Há inclusive investigadores que sugerem que os roncos infrassónicos de elefantes poderiam ser detectados através do solo.

A construir a próxima geração

A tecnologia só avança tanto quanto as pessoas que a desenvolvem. Neste ano, a Colossal uniu-se à organização sem fins lucrativos Conservation Nation para lançar as suas primeiras bolsas de conservação.

A Conservation Nation atua para trazer jovens de comunidades sub-representadas para um campo que, muitas vezes, não contou com essa participação.

O programa começou com duas frentes. Uma é a bolsa de IA para conservação. A outra é a bolsa de pesquisa e estratégia.

A vaga de pesquisa e estratégia atraiu candidatos de grandes universidades. Já a vaga de IA alcançou parceiros no exterior, incluindo o Instituto de Biotecnologia de Maurício.

De acordo com a equipa, as duas posições juntas receberam mais de 100 candidaturas. Esse número fez parte de um universo bem maior, com mais de 1.400 candidatos em todas as vagas de estágio da Colossal neste ano.

O que distinguiu os bolsistas

A seleção não se baseou apenas em capacidade técnica. A equipa procurou pessoas alinhadas com o apetite da organização por tentar aquilo que ainda não foi feito.

Chamaram atenção os candidatos que já conheciam os projetos. Eles chegavam prontos para conversar sobre uivos de lobos ou sobre deteção de espécies raras.

A bolsista (ou o bolsista) de pesquisa e estratégia, doutorando em genómica da conservação, passou uma semana em Dallas. Em seguida, iniciou um período remoto de quatro meses junto da equipa de bioinformática.

A bolsista (ou o bolsista) de IA, recrutado por meio da parceria com Maurício, vai ajudar a iniciar um novo projeto de bioacústica com lobo-vermelho e também contribuir para o trabalho com o pombo-de-bico-dentado.

Embora grande parte das tarefas seja feita à distância, a equipa leva bolsistas a Dallas para uma imersão no laboratório e para aproximá-los de mentores.

Um modelo diferente para a conservação

Segundo a equipa, os bolsistas partilham uma motivação em comum: querem ajudar a escrever um futuro que ainda não dá para imaginar com clareza.

Muitos deles são, nas palavras do pessoal de conservação, “nativos de IA”, trazendo ferramentas novas e ritmos de trabalho mais rápidos para equipas já estabelecidas. Essa energia combina com a filosofia mais ampla da empresa.

A Colossal posiciona-se não como uma organização de atuação direta no terreno, mas como uma força de aceleração. Ela encontra parcerias locais e, depois, fornece tecnologia e financiamento para impulsionar iniciativas que já estão em andamento.

A proposta é construir confiança, porque a execução passa por atores locais e por grupos de base que são próprios de cada região.

Uma aposta de longo prazo

Matt James, diretor-chefe de animais na Colossal, define a iniciativa das bolsas como uma aposta de longo prazo, não como um custo imediato.

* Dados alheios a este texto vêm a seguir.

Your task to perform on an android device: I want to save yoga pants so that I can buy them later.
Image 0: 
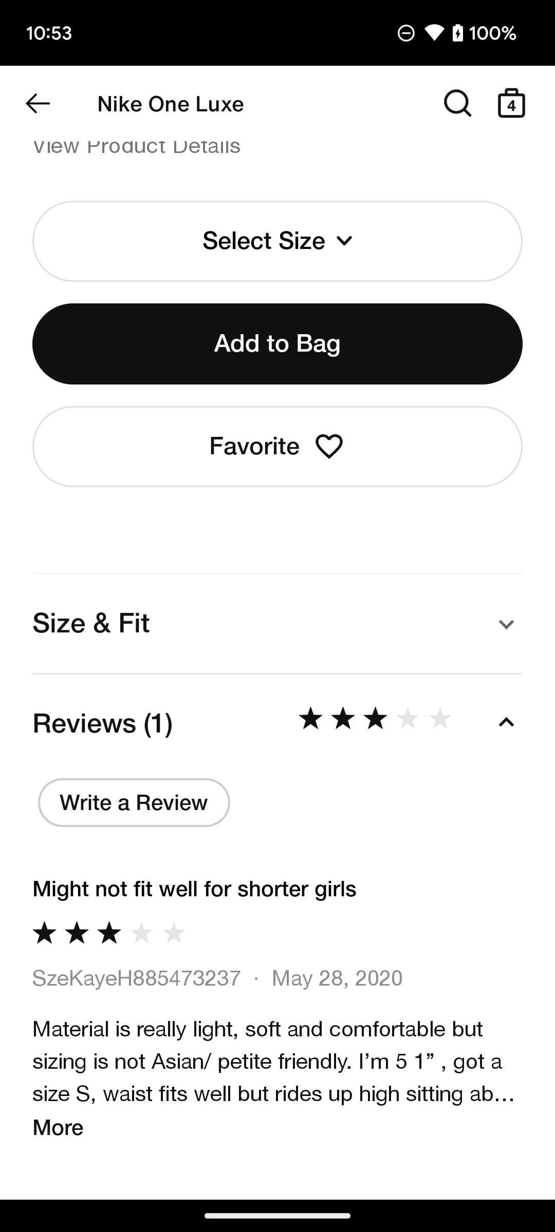
Click on the Favorite option on the screen.
Step 0: click (254, 446)
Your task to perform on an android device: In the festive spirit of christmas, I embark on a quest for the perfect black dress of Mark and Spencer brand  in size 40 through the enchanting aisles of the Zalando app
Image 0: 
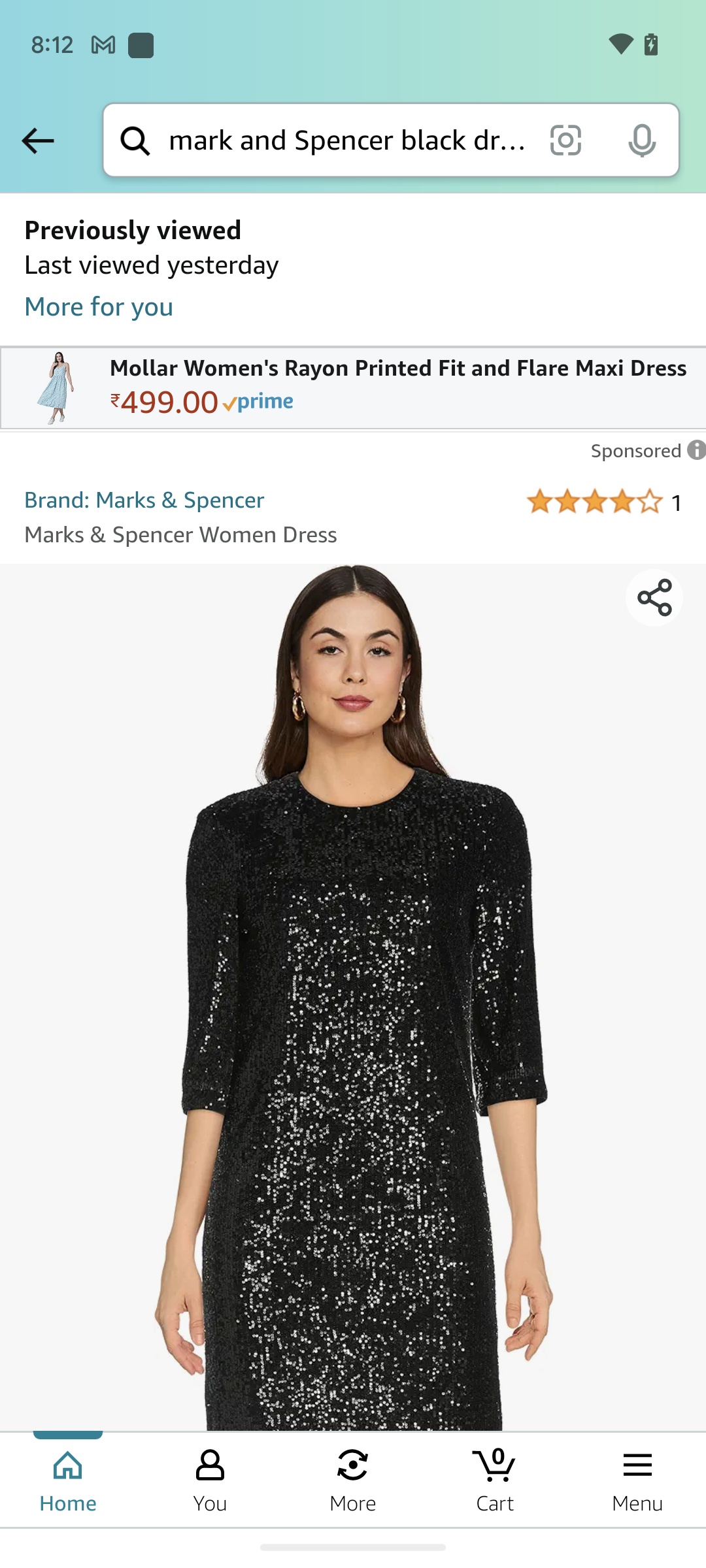
Open the Zalando app
Step 0: open app "Zalando"
Image 1: 
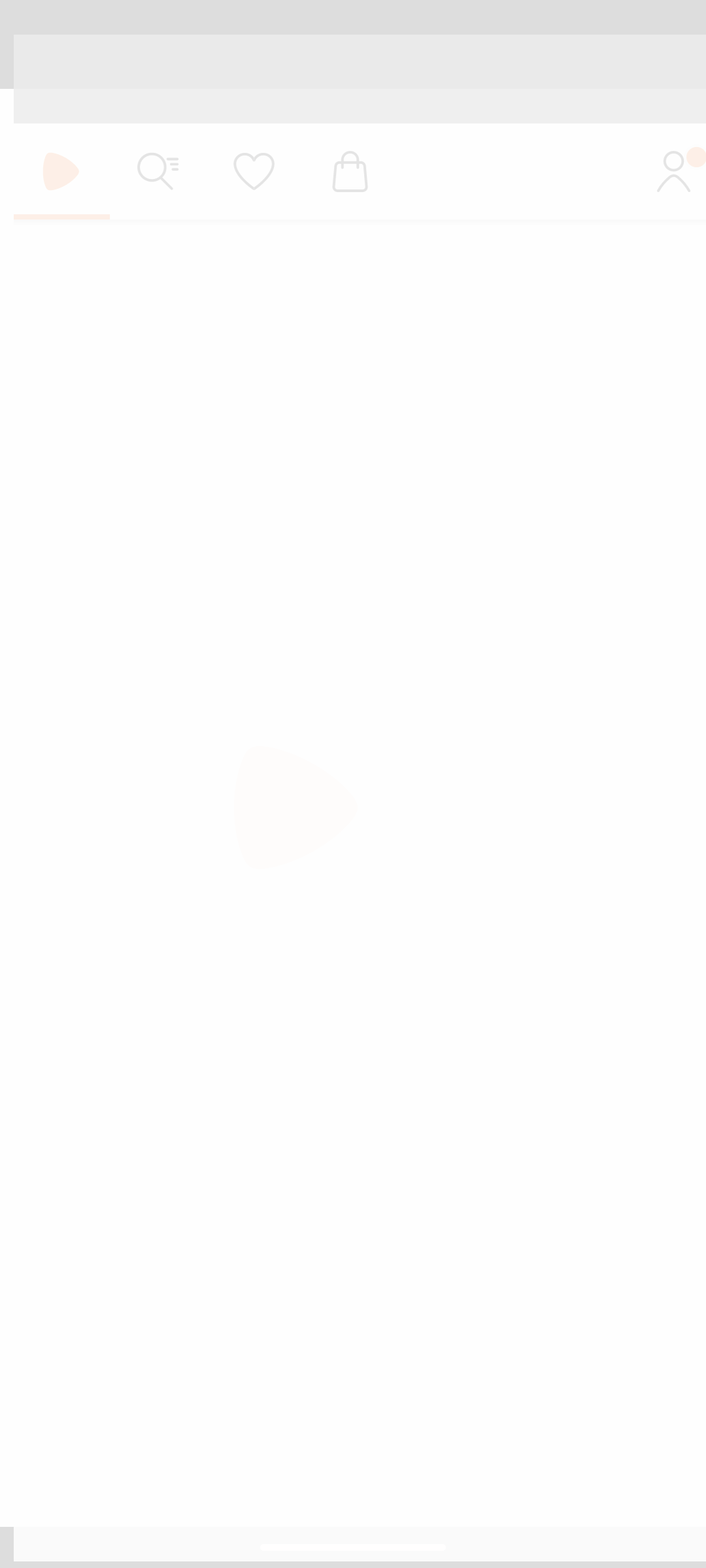
Open the Zalando app
Step 1: wait
Image 2: 
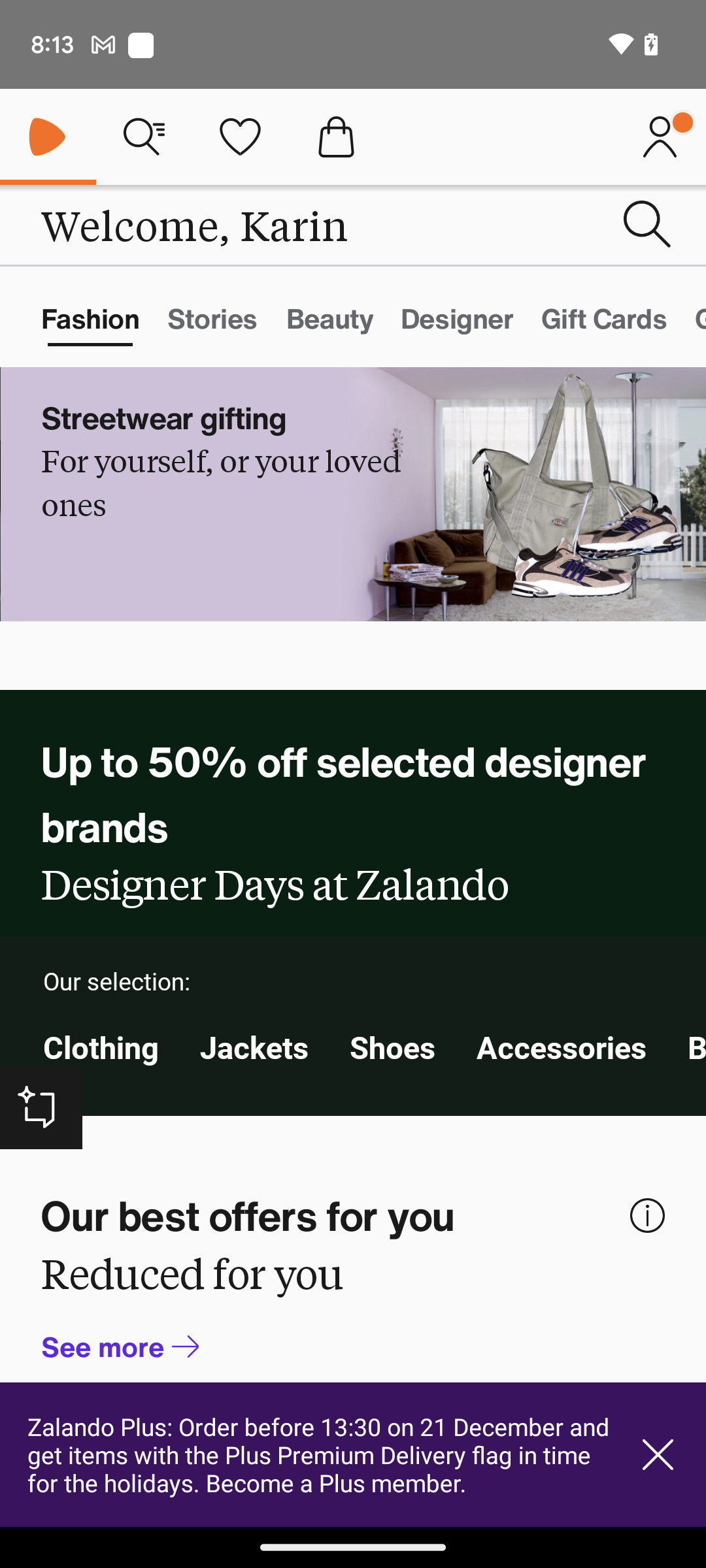
Click on the search icon 
Step 2: click (643, 231)
Image 3: 
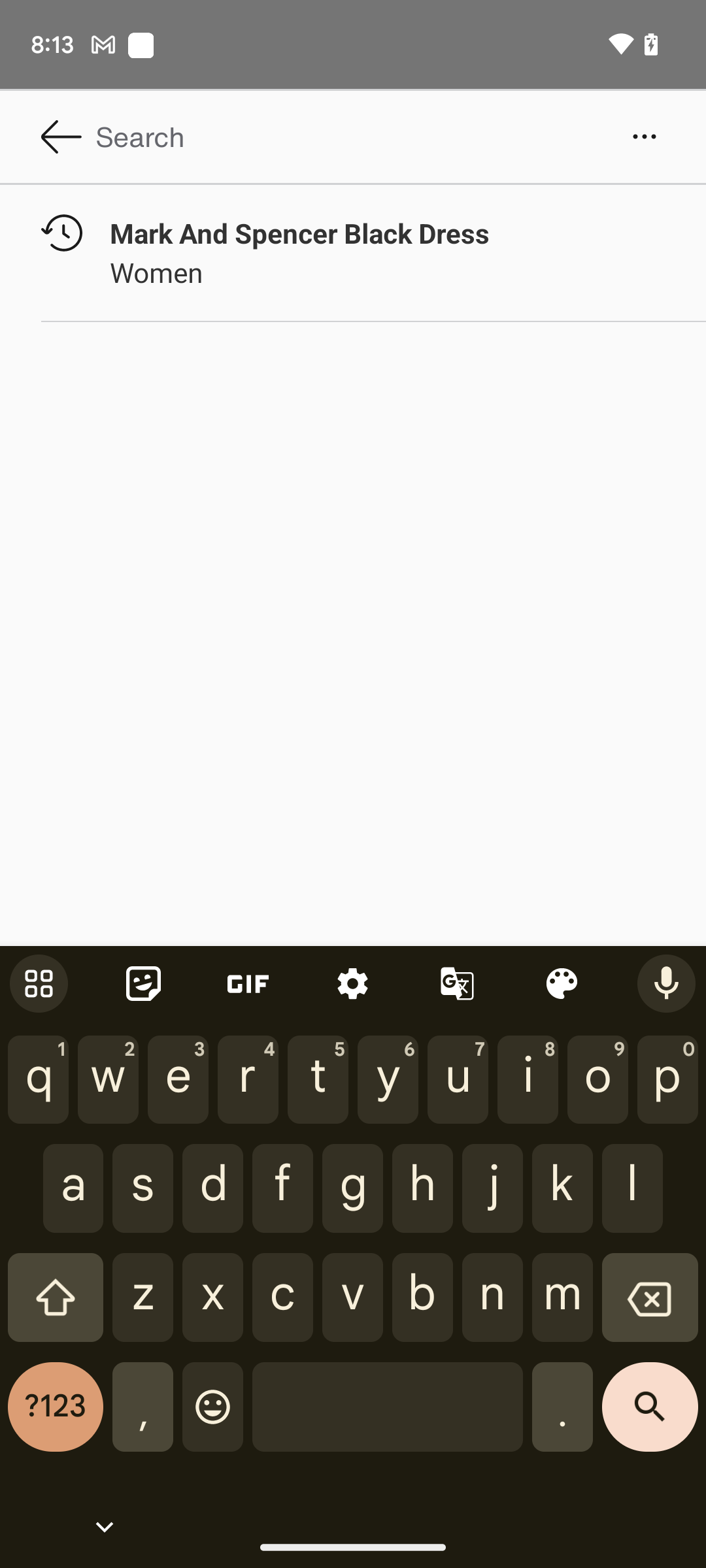
Type Black dress mark spencer in search bar
Step 3: type "Black dress mark spencer"
Image 4: 
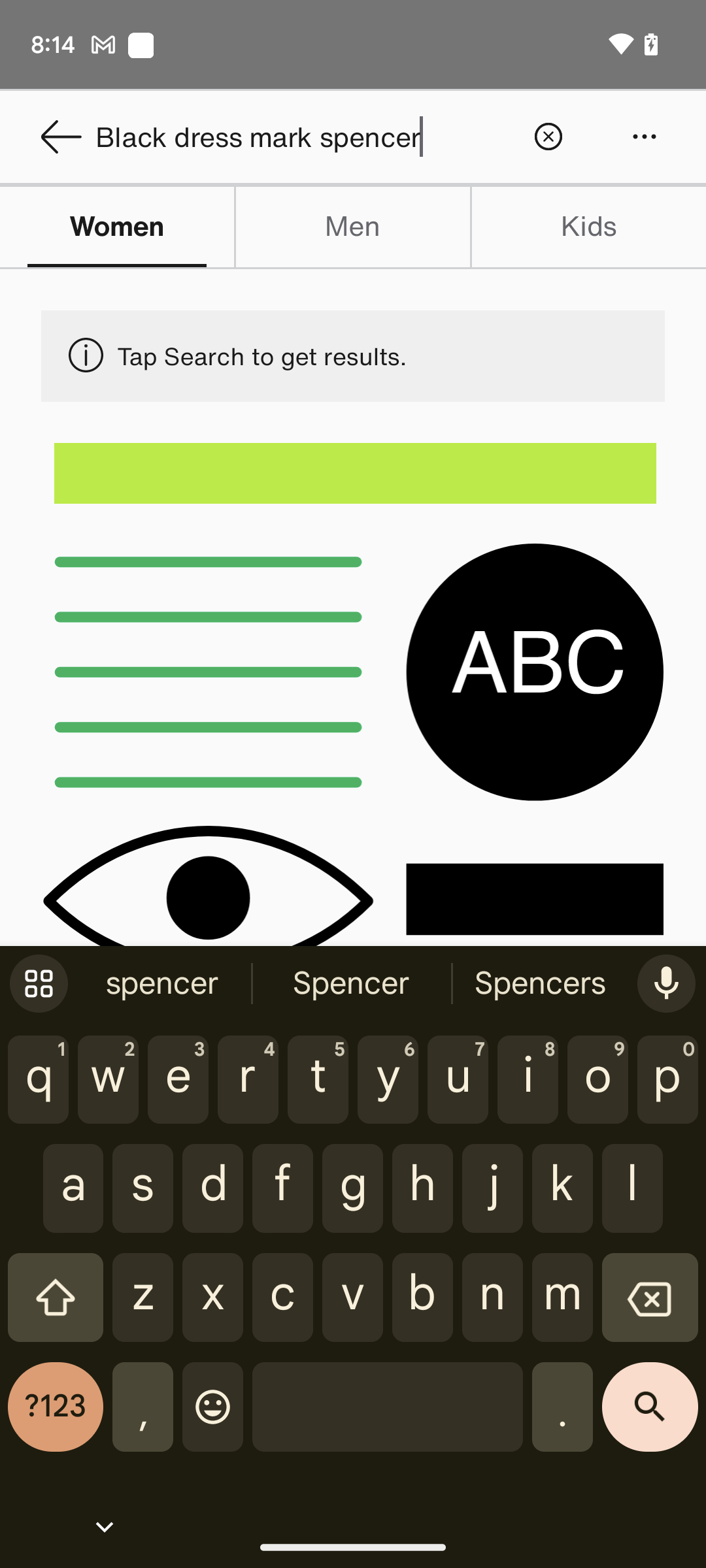
Click on the search key icon
Step 4: click (650, 1417)

Para ele, os programas devem ser encarados como investimentos, e não como despesas - um orçamento separado, pensado para gerar retorno no futuro.

James compara o esforço a um programa experimental de inovação voltado à conservação. O setor costuma pensar em escala reduzida, em parte porque sofre com subfinanciamento crónico.

A expectativa é injetar imaginação e otimismo e estimular o tipo de ambição que a crise da biodiversidade exige.

“Confiamos plenamente na conservação convencional, mas também reconhecemos que ela não consegue acompanhar o ritmo de destruição que vemos hoje”, disse James.

“Não podemos continuar a aplicar medidas convencionais e esperar resultados novos.”